The underlying idea relates to stopping trials (or overshoots in random walks).
Suppose we model this as having a draw of one card at a time but in fact get $m$ in a pack. Then for any sample path, once we’ve recovered an entire collection, we stop collecting more cards and we have at a minimum of an overshoot of 0 and at a maximum an overshoot of $m-1$ cards (i.e. all the cards in the pack are unused except the ‘first’ one).

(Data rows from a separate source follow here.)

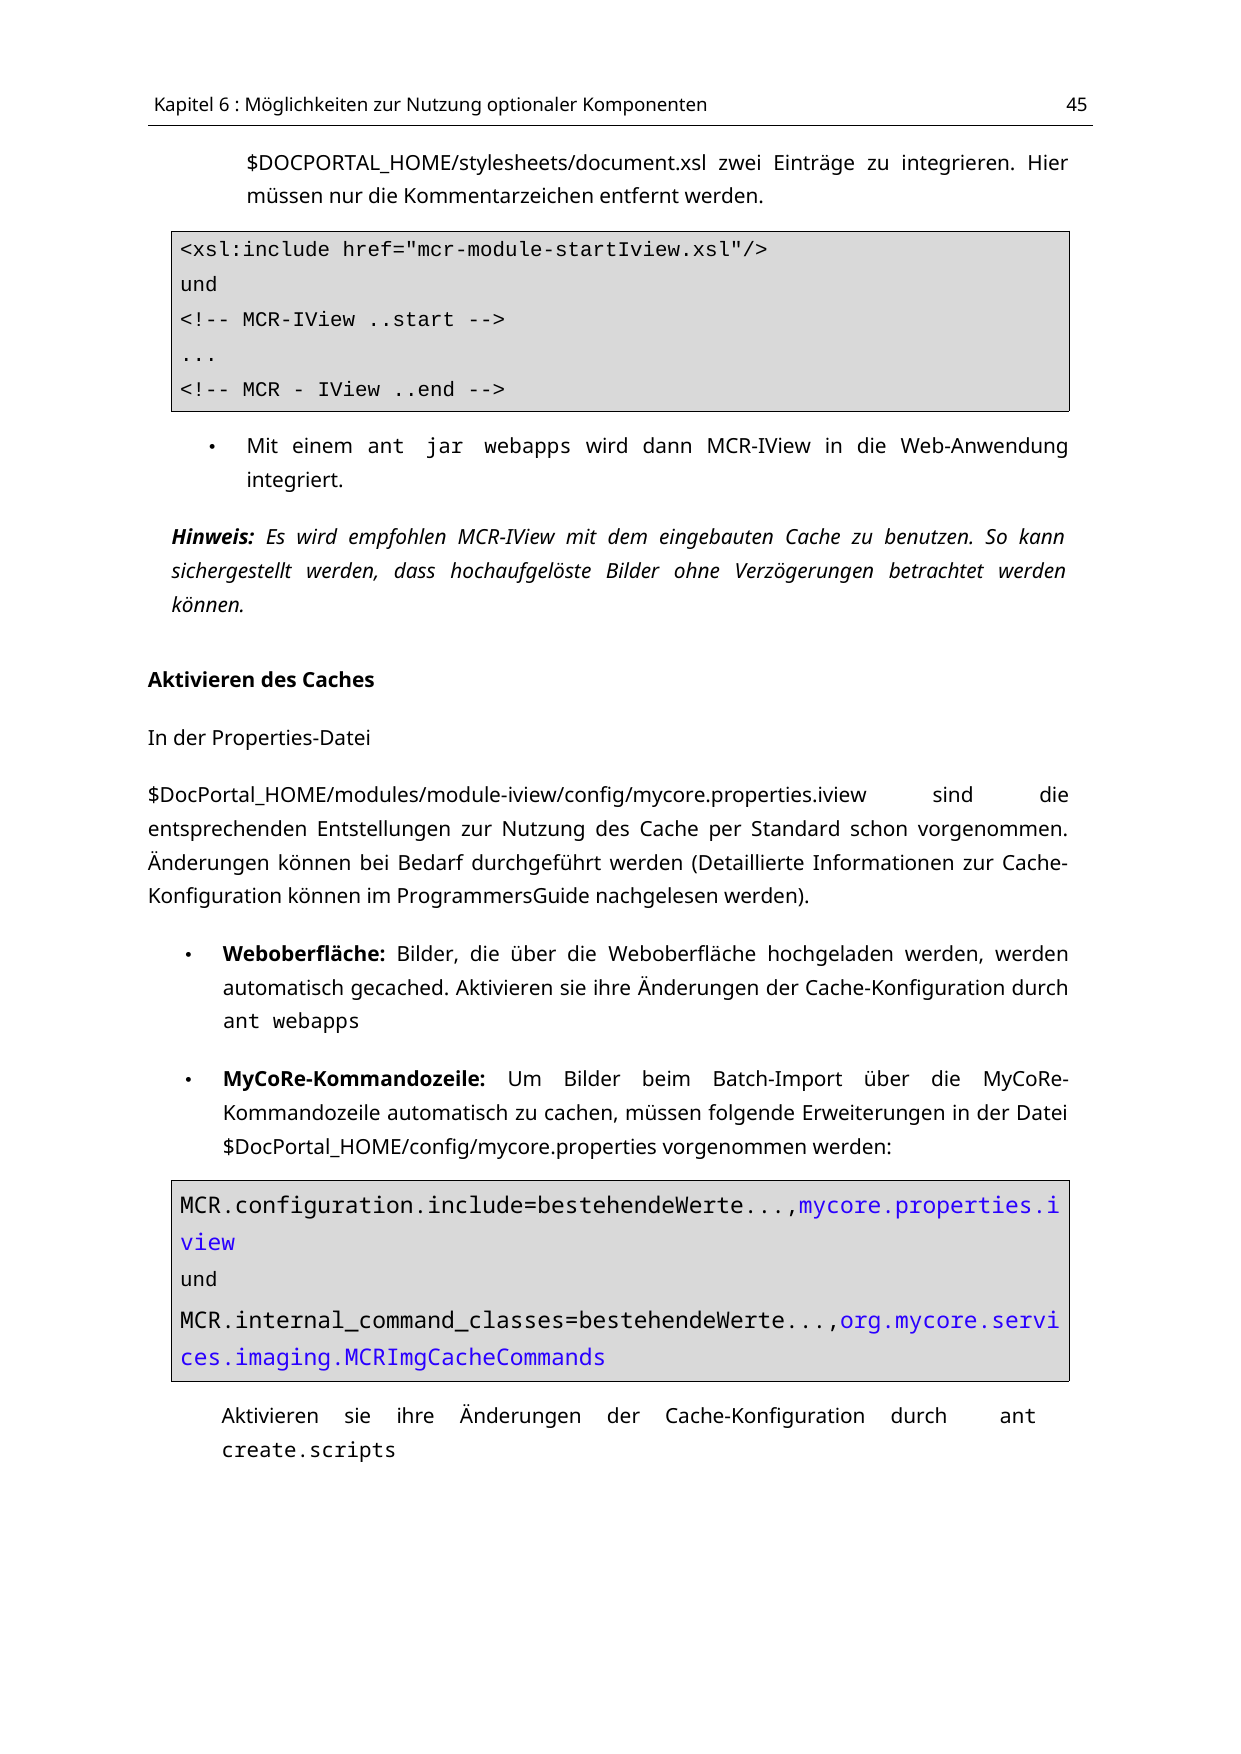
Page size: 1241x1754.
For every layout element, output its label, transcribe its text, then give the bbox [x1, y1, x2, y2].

text $DocPortal_HOME/modules/module-iview/config/mycore.properties.iview sind die entsprechenden Entstellungen zur Nutzung des Cache per Standard schon vorgenommen. Änderungen können bei Bedarf durchgeführt werden (Detaillierte Informationen zur Cache-Konfiguration können im ProgrammersGuide nachgelesen werden). [148, 780, 1069, 910]
text Aktivieren sie ihre Änderungen der Cache-Konfiguration durch ant create.scripts [148, 1401, 1069, 1463]
text In der Properties-Datei [148, 723, 1069, 751]
text und [172, 266, 1069, 297]
text und [172, 1261, 1069, 1292]
text MCR.internal_command_classes=bestehendeWerte...,org.mycore.services.imaging.MCRImgCacheCommands [172, 1296, 1069, 1381]
subtitle Aktivieren des Caches [148, 665, 1092, 693]
list Mit einem ant jar webapps wird dann MCR-IView in die Web-Anwendung integriert. [209, 431, 1069, 493]
text <!-- MCR-IView ..start --> [172, 301, 1069, 332]
text <xsl:include href="mcr-module-startIview.xsl"/> [172, 232, 1069, 262]
list MyCoRe-Kommandozeile: Um Bilder beim Batch-Import über die MyCoRe-Kommandozeile automatisch zu cachen, müssen folgende Erweiterungen in der Datei $DocPortal_HOME/config/mycore.properties vorgenommen werden: [185, 1064, 1069, 1160]
text ... [172, 336, 1069, 367]
text <!-- MCR - IView ..end --> [172, 371, 1069, 411]
text MCR.configuration.include=bestehendeWerte...,mycore.properties.iview [172, 1181, 1069, 1257]
list Weboberfläche: Bilder, die über die Weboberfläche hochgeladen werden, werden automatisch gecached. Aktivieren sie ihre Änderungen der Cache-Konfiguration durch ant webapps [185, 939, 1069, 1035]
list $DOCPORTAL_HOME/stylesheets/document.xsl zwei Einträge zu integrieren. Hier müssen nur die Kommentarzeichen entfernt werden. [209, 148, 1069, 210]
text Hinweis: Es wird empfohlen MCR-IView mit dem eingebauten Cache zu benutzen. So kann sichergestellt werden, dass hochaufgelöste Bilder ohne Verzögerungen betrachtet werden können. [171, 522, 1069, 618]
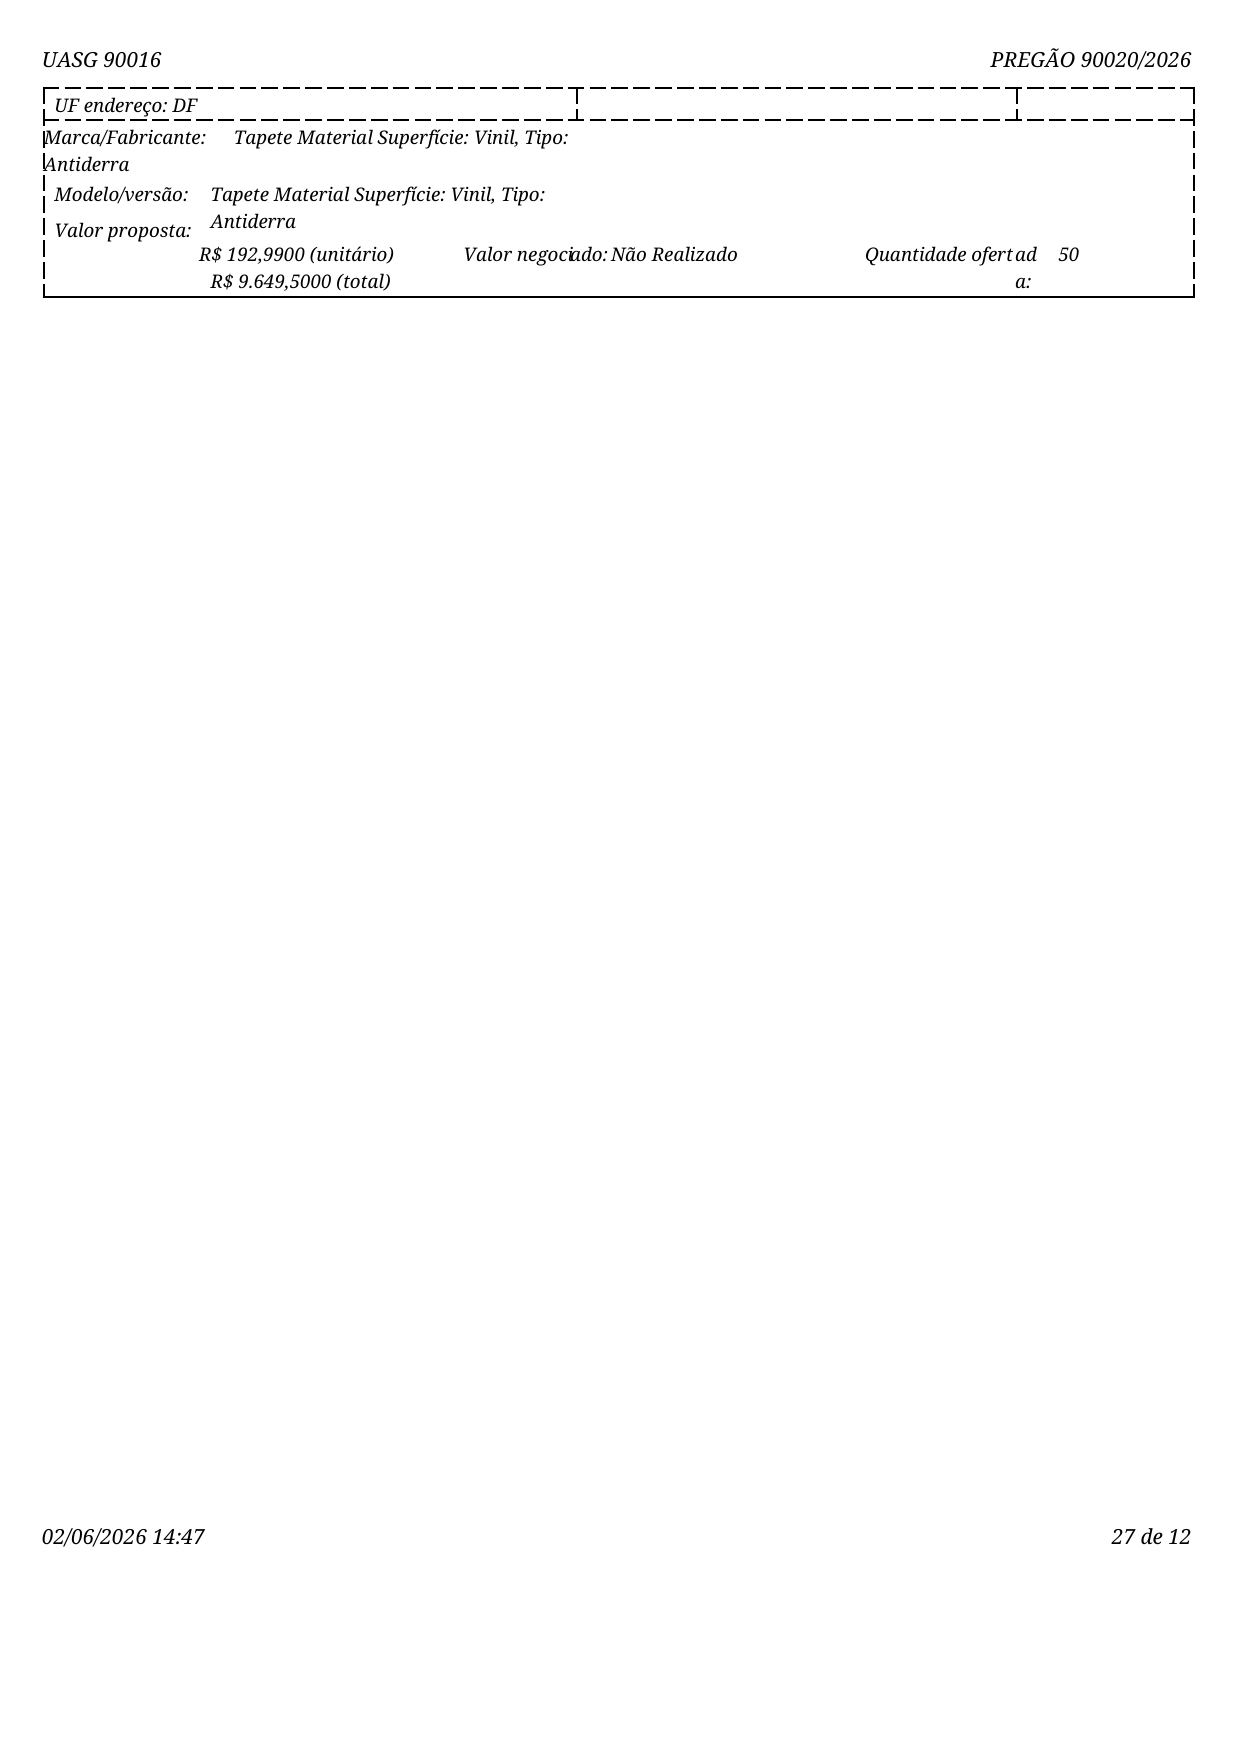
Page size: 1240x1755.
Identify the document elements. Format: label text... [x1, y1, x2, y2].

table_cell [839, 119, 1017, 179]
table_header UF endereço: DF [44, 87, 577, 119]
table_cell [839, 179, 1017, 236]
table_cell Tapete Material Superfície: Vinil, Tipo: Antiderra [199, 179, 577, 236]
table_cell R$ 192,9900 (unitário) Valor negoci R$ 9.649,5000 (total) [199, 236, 577, 296]
table_cell Quantidade ofert [839, 236, 1017, 296]
table_cell Marca/Fabricante: Tapete Material Superfície: Vinil, Tipo: Antiderra [44, 119, 577, 179]
table_cell ada: [1017, 236, 1048, 296]
table_cell [1017, 119, 1194, 179]
table_cell ado: Não Realizado [577, 236, 839, 296]
table_header [1017, 87, 1194, 119]
table_cell Modelo/versão: Valor proposta: [44, 179, 199, 296]
table_cell [577, 119, 839, 179]
table_cell 50 [1048, 236, 1194, 296]
table_header [577, 87, 839, 119]
table_cell [577, 179, 839, 236]
table_cell [1017, 179, 1194, 236]
table_header [839, 87, 1017, 119]
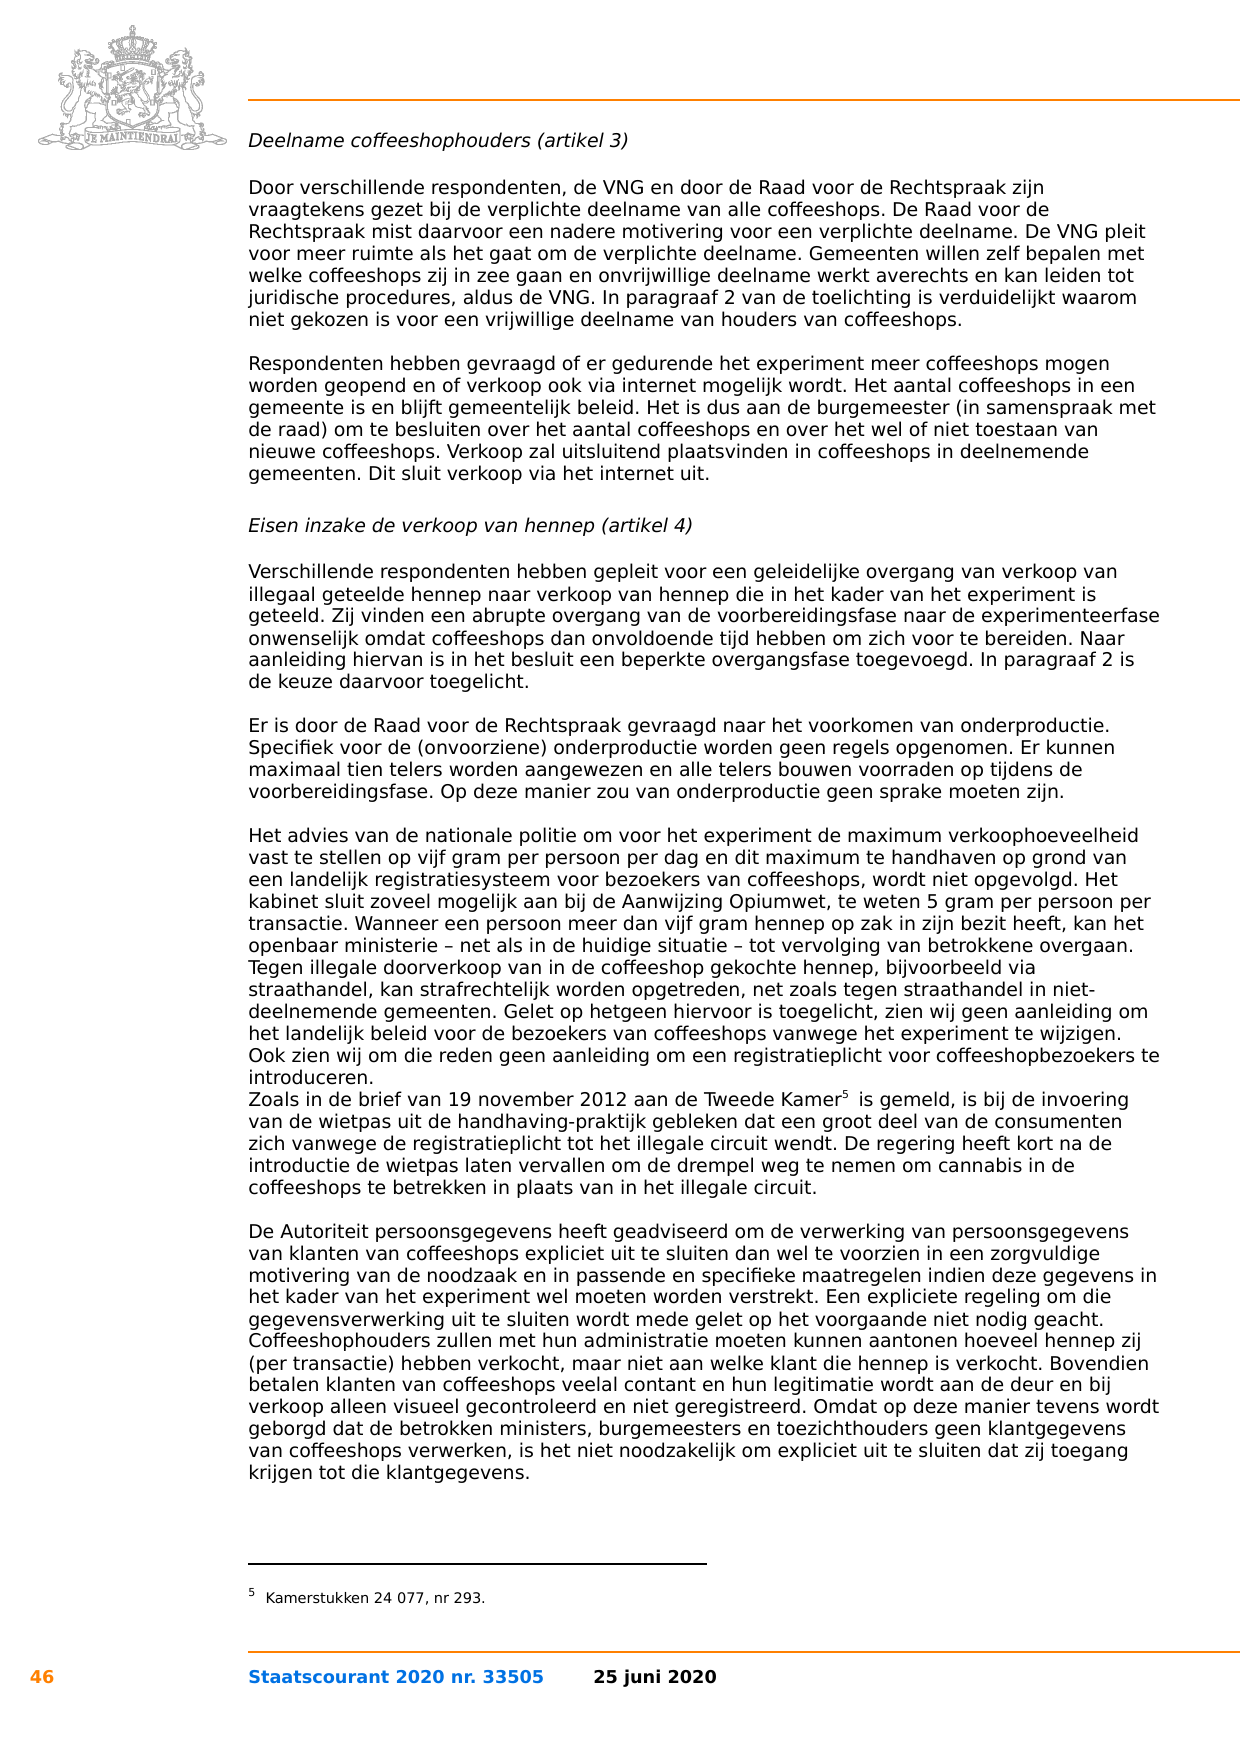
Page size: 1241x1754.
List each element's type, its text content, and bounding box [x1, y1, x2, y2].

text Het advies van de nationale politie om voor het experiment de maximum verkoophoeveelheid vast te stellen op vijf gram per persoon per dag en dit maximum te handhaven op grond van een landelijk registratiesysteem voor bezoekers van coffeeshops, wordt niet opgevolgd. Het kabinet sluit zoveel mogelijk aan bij de Aanwijzing Opiumwet, te weten 5 gram per persoon per transactie. Wanneer een persoon meer dan vijf gram hennep op zak in zijn bezit heeft, kan het openbaar ministerie – net als in de huidige situatie – tot vervolging van betrokkene overgaan. Tegen illegale doorverkoop van in de coffeeshop gekochte hennep, bijvoorbeeld via straathandel, kan strafrechtelijk worden opgetreden, net zoals tegen straathandel in niet-deelnemende gemeenten. Gelet op hetgeen hiervoor is toegelicht, zien wij geen aanleiding om het landelijk beleid voor de bezoekers van coffeeshops vanwege het experiment te wijzigen. Ook zien wij om die reden geen aanleiding om een registratieplicht voor coffeeshopbezoekers te introduceren. [248, 825, 1163, 1089]
subtitle Deelname coffeeshophouders (artikel 3) [248, 130, 1163, 152]
text Er is door de Raad voor de Rechtspraak gevraagd naar het voorkomen van onderproductie. Specifiek voor de (onvoorziene) onderproductie worden geen regels opgenomen. Er kunnen maximaal tien telers worden aangewezen en alle telers bouwen voorraden op tijdens de voorbereidingsfase. Op deze manier zou van onderproductie geen sprake moeten zijn. [248, 715, 1163, 803]
text Verschillende respondenten hebben gepleit voor een geleidelijke overgang van verkoop van illegaal geteelde hennep naar verkoop van hennep die in het kader van het experiment is geteeld. Zij vinden een abrupte overgang van de voorbereidingsfase naar de experimenteerfase onwenselijk omdat coffeeshops dan onvoldoende tijd hebben om zich voor te bereiden. Naar aanleiding hiervan is in het besluit een beperkte overgangsfase toegevoegd. In paragraaf 2 is de keuze daarvoor toegelicht. [248, 561, 1163, 693]
text Door verschillende respondenten, de VNG en door de Raad voor de Rechtspraak zijn vraagtekens gezet bij de verplichte deelname van alle coffeeshops. De Raad voor de Rechtspraak mist daarvoor een nadere motivering voor een verplichte deelname. De VNG pleit voor meer ruimte als het gaat om de verplichte deelname. Gemeenten willen zelf bepalen met welke coffeeshops zij in zee gaan en onvrijwillige deelname werkt averechts en kan leiden tot juridische procedures, aldus de VNG. In paragraaf 2 van de toelichting is verduidelijkt waarom niet gekozen is voor een vrijwillige deelname van houders van coffeeshops. [248, 177, 1163, 331]
text De Autoriteit persoonsgegevens heeft geadviseerd om de verwerking van persoonsgegevens van klanten van coffeeshops expliciet uit te sluiten dan wel te voorzien in een zorgvuldige motivering van de noodzaak en in passende en specifieke maatregelen indien deze gegevens in het kader van het experiment wel moeten worden verstrekt. Een expliciete regeling om die gegevensverwerking uit te sluiten wordt mede gelet op het voorgaande niet nodig geacht. Coffeeshophouders zullen met hun administratie moeten kunnen aantonen hoeveel hennep zij (per transactie) hebben verkocht, maar niet aan welke klant die hennep is verkocht. Bovendien betalen klanten van coffeeshops veelal contant en hun legitimatie wordt aan de deur en bij verkoop alleen visueel gecontroleerd en niet geregistreerd. Omdat op deze manier tevens wordt geborgd dat de betrokken ministers, burgemeesters en toezichthouders geen klantgegevens van coffeeshops verwerken, is het niet noodzakelijk om expliciet uit te sluiten dat zij toegang krijgen tot die klantgegevens. [248, 1221, 1163, 1484]
picture [38, 25, 227, 150]
subtitle Eisen inzake de verkoop van hennep (artikel 4) [248, 514, 1163, 536]
text Zoals in de brief van 19 november 2012 aan de Tweede Kamer is gemeld, is bij de invoering van de wietpas uit de handhaving-praktijk gebleken dat een groot deel van de consumenten zich vanwege de registratieplicht tot het illegale circuit wendt. De regering heeft kort na de introductie de wietpas laten vervallen om de drempel weg te nemen om cannabis in de coffeeshops te betrekken in plaats van in het illegale circuit. [248, 1089, 1163, 1199]
text Respondenten hebben gevraagd of er gedurende het experiment meer coffeeshops mogen worden geopend en of verkoop ook via internet mogelijk wordt. Het aantal coffeeshops in een gemeente is en blijft gemeentelijk beleid. Het is dus aan de burgemeester (in samenspraak met de raad) om te besluiten over het aantal coffeeshops en over het wel of niet toestaan van nieuwe coffeeshops. Verkoop zal uitsluitend plaatsvinden in coffeeshops in deelnemende gemeenten. Dit sluit verkoop via het internet uit. [248, 353, 1163, 484]
text Kamerstukken 24 077, nr 293. [248, 1586, 1163, 1608]

so in terms of numbers of cards
$\text{single card solution} \leq \text{expected cards for actual problem} \leq \text{single card solution} + (m-1)\leq \text{single card solution} +m$
and dividing by $m$ cards per pack we can change the units to get
======================
$\text{(single cards solution divided by m) }\leq \text{expected actual solution in terms of packs} \leq \text{(single cards solution divided by m)} + 1$
======================
edit: Hah! I had this idea a week or two after looking at the problem and I forgot that there are no duplicates in the packs… in effect dealing $m$ cards at a time for a given draw / pack without replacement. The math of course is easier with replacement, and there are some standard hypergeometric bounds we could use, but anyway the above idea is a bit incomplete I guess.